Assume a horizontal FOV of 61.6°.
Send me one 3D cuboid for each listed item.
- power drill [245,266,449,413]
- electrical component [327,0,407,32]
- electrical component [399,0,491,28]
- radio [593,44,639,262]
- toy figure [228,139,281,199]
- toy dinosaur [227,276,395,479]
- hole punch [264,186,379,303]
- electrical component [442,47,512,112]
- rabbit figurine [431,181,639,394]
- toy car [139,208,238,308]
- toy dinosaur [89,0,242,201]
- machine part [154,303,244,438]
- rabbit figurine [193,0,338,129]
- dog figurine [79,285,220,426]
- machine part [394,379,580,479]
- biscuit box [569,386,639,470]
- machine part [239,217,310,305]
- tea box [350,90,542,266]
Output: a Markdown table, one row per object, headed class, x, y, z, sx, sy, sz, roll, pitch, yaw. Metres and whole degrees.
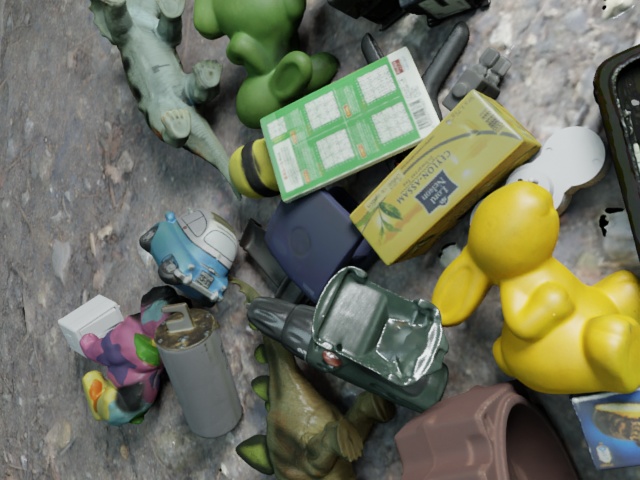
| class | x | y | z | sx | sy | sz | roll | pitch | yaw |
| --- | --- | --- | --- | --- | --- | --- | --- | --- | --- |
| power drill | 0.024 | 0.096 | 0.523 | 0.232 | 0.207 | 0.086 | 25 | 65 | 5 |
| electrical component | 0.032 | -0.296 | 0.568 | 0.058 | 0.134 | 0.115 | -32 | 74 | 32 |
| electrical component | 0.111 | -0.253 | 0.520 | 0.075 | 0.119 | 0.047 | -9 | 86 | 38 |
| radio | 0.304 | -0.050 | 0.410 | 0.131 | 0.073 | 0.229 | -15 | 81 | 35 |
| toy figure | -0.031 | -0.102 | 0.642 | 0.180 | 0.089 | 0.082 | -13 | 75 | 38 |
| toy dinosaur | -0.010 | 0.243 | 0.626 | 0.198 | 0.105 | 0.471 | -29 | 69 | 36 |
| hole punch | -0.001 | -0.002 | 0.604 | 0.116 | 0.092 | 0.142 | -47 | 68 | 8 |
| electrical component | 0.148 | -0.141 | 0.528 | 0.021 | 0.063 | 0.094 | 48 | 118 | 24 |
| rabbit figurine | 0.180 | 0.033 | 0.460 | 0.162 | 0.122 | 0.173 | -13 | 110 | 49 |
| toy car | -0.162 | 0.011 | 0.711 | 0.103 | 0.109 | 0.162 | -51 | 33 | -2 |
| toy dinosaur | -0.219 | -0.226 | 0.762 | 0.192 | 0.131 | 0.404 | 164 | 87 | -73 |
| machine part | -0.154 | 0.175 | 0.698 | 0.079 | 0.079 | 0.242 | 18 | 131 | 34 |
| rabbit figurine | -0.058 | -0.222 | 0.668 | 0.159 | 0.121 | 0.170 | 13 | 116 | 28 |
| dog figurine | -0.248 | 0.172 | 0.795 | 0.219 | 0.108 | 0.191 | -18 | 79 | 32 |
| machine part | 0.156 | 0.229 | 0.442 | 0.087 | 0.201 | 0.201 | -27 | 74 | 29 |
| biscuit box | 0.303 | 0.120 | 0.403 | 0.203 | 0.063 | 0.059 | -21 | 81 | 26 |
| machine part | -0.053 | 0.029 | 0.692 | 0.139 | 0.039 | 0.084 | 43 | 118 | 26 |
| tea box | 0.121 | -0.056 | 0.525 | 0.169 | 0.098 | 0.068 | -48 | 71 | 28 |
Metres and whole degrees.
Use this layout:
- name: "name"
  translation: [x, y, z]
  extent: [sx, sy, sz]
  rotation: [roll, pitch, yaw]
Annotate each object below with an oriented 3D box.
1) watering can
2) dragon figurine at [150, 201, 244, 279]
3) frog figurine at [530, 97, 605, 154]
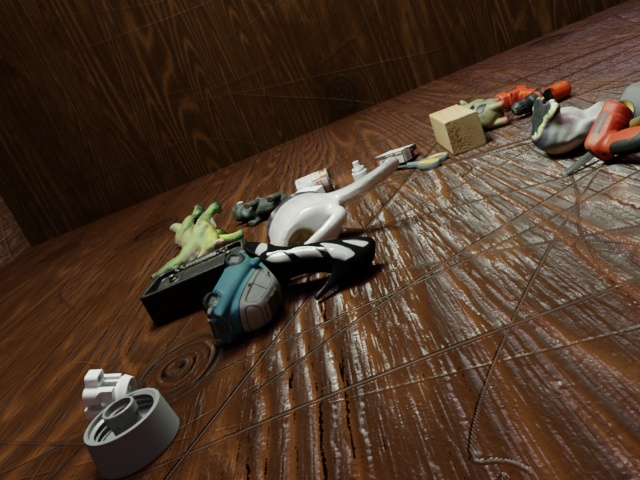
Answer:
- name: "watering can"
  translation: [0.003, -0.053, 1.057]
  extent: [0.348, 0.103, 0.226]
  rotation: [-43, 21, -3]
- name: "dragon figurine"
  translation: [-0.360, 0.018, 1.369]
  extent: [0.408, 0.120, 0.247]
  rotation: [-7, 31, 45]
- name: "frog figurine"
  translation: [0.508, -0.219, 1.020]
  extent: [0.159, 0.123, 0.137]
  rotation: [16, 0, 0]
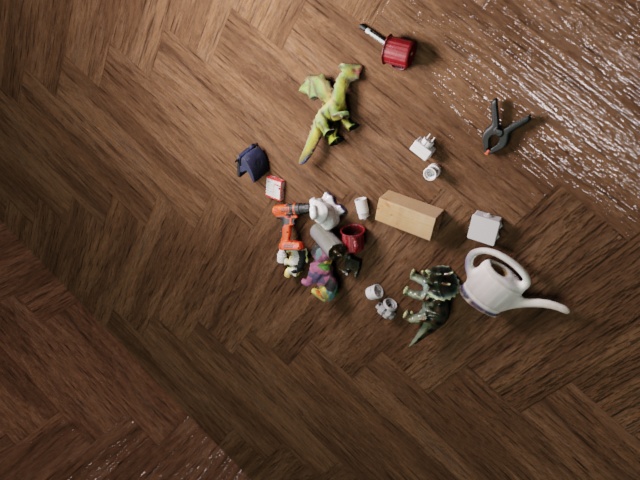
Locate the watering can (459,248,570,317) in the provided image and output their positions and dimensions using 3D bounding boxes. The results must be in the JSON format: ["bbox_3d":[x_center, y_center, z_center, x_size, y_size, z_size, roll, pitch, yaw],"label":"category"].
[{"bbox_3d":[0.609,0.174,1.685,0.350,0.106,0.219,40,129,11],"label":"watering can"}]

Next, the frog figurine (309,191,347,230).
[{"bbox_3d":[0.006,-0.096,1.915,0.121,0.162,0.137,-23,100,40],"label":"frog figurine"}]

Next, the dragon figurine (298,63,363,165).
[{"bbox_3d":[0.006,-0.460,1.799,0.404,0.123,0.245,-33,75,37],"label":"dragon figurine"}]
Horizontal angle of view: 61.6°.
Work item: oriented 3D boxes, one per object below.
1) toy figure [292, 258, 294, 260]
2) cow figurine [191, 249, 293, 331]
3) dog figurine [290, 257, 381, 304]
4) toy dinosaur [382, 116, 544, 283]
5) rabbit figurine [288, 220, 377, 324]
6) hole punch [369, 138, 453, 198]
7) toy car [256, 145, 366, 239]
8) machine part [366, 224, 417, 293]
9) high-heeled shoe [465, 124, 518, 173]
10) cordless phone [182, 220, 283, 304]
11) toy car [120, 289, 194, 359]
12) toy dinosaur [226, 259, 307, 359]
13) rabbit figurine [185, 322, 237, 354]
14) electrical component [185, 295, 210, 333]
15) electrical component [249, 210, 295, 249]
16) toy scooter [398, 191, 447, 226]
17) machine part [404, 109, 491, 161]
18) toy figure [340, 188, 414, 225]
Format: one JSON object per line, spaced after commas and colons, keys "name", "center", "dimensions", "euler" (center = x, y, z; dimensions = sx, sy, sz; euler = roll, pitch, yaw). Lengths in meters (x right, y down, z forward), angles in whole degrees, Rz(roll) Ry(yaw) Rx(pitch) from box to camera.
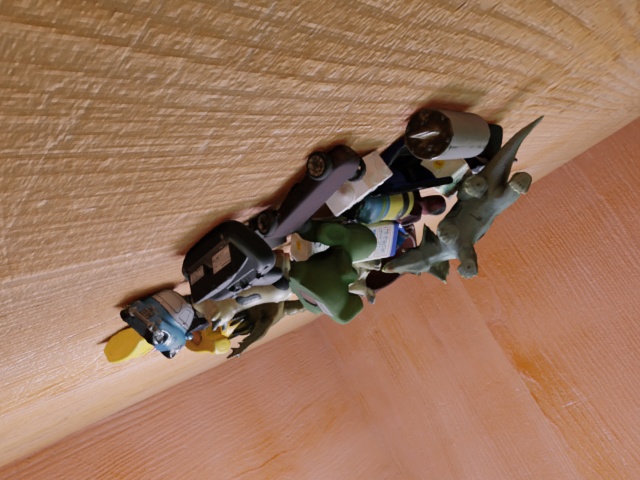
{"name": "toy figure", "center": [-0.002, -0.002, 1.124], "dimensions": [0.057, 0.064, 0.154], "euler": [26, 131, -26]}
{"name": "cow figurine", "center": [-0.145, 0.095, 1.000], "dimensions": [0.195, 0.127, 0.085], "euler": [-12, 167, 4]}
{"name": "dog figurine", "center": [0.014, 0.057, 1.113], "dimensions": [0.191, 0.121, 0.172], "euler": [5, -175, -9]}
{"name": "toy dinosaur", "center": [0.299, -0.057, 1.063], "dimensions": [0.404, 0.131, 0.192], "euler": [-52, -175, 7]}
{"name": "rabbit figurine", "center": [0.022, 0.031, 0.925], "dimensions": [0.170, 0.159, 0.121], "euler": [-50, -153, -21]}
{"name": "hole punch", "center": [0.148, -0.122, 0.913], "dimensions": [0.116, 0.092, 0.142], "euler": [-13, -177, 42]}
{"name": "toy car", "center": [-0.019, -0.067, 0.787], "dimensions": [0.089, 0.053, 0.202], "euler": [-9, 154, -46]}
{"name": "machine part", "center": [0.138, 0.031, 1.312], "dimensions": [0.201, 0.087, 0.201], "euler": [-31, 137, -12]}
{"name": "high-heeled shoe", "center": [0.320, -0.188, 1.142], "dimensions": [0.145, 0.086, 0.248], "euler": [2, 171, 39]}
{"name": "cordless phone", "center": [-0.108, 0.042, 0.851], "dimensions": [0.146, 0.089, 0.184], "euler": [-35, 152, 33]}
{"name": "toy car", "center": [-0.285, 0.139, 0.974], "dimensions": [0.103, 0.109, 0.161], "euler": [-49, 164, -20]}
{"name": "toy dinosaur", "center": [-0.125, 0.141, 1.168], "dimensions": [0.199, 0.105, 0.471], "euler": [-26, -172, -1]}
{"name": "rabbit figurine", "center": [-0.264, 0.231, 1.365], "dimensions": [0.162, 0.122, 0.173], "euler": [-30, 171, 32]}
{"name": "electrical component", "center": [-0.271, 0.155, 1.114], "dimensions": [0.048, 0.075, 0.119], "euler": [-32, 173, 15]}
{"name": "electrical component", "center": [-0.091, -0.013, 0.887], "dimensions": [0.102, 0.045, 0.078], "euler": [-30, 141, -10]}
{"name": "toy scooter", "center": [0.168, -0.071, 1.145], "dimensions": [0.184, 0.075, 0.135], "euler": [-12, 166, 28]}
{"name": "machine part", "center": [0.203, -0.164, 0.843], "dimensions": [0.079, 0.079, 0.243], "euler": [-37, 168, 35]}
{"name": "toy figure", "center": [0.104, -0.069, 0.994], "dimensions": [0.082, 0.089, 0.180], "euler": [-31, 173, 37]}
* * * * *
> Prompt
Given the records above, restate word for word only the lines starting at the one with "- electrical component [399,0,491,28]" and ending at the one with "- tea box [350,90,542,266]".

> Result of the task
- electrical component [399,0,491,28]
- radio [593,44,639,262]
- toy figure [228,139,281,199]
- toy dinosaur [227,276,395,479]
- hole punch [264,186,379,303]
- electrical component [442,47,512,112]
- rabbit figurine [431,181,639,394]
- toy car [139,208,238,308]
- toy dinosaur [89,0,242,201]
- machine part [154,303,244,438]
- rabbit figurine [193,0,338,129]
- dog figurine [79,285,220,426]
- machine part [394,379,580,479]
- biscuit box [569,386,639,470]
- machine part [239,217,310,305]
- tea box [350,90,542,266]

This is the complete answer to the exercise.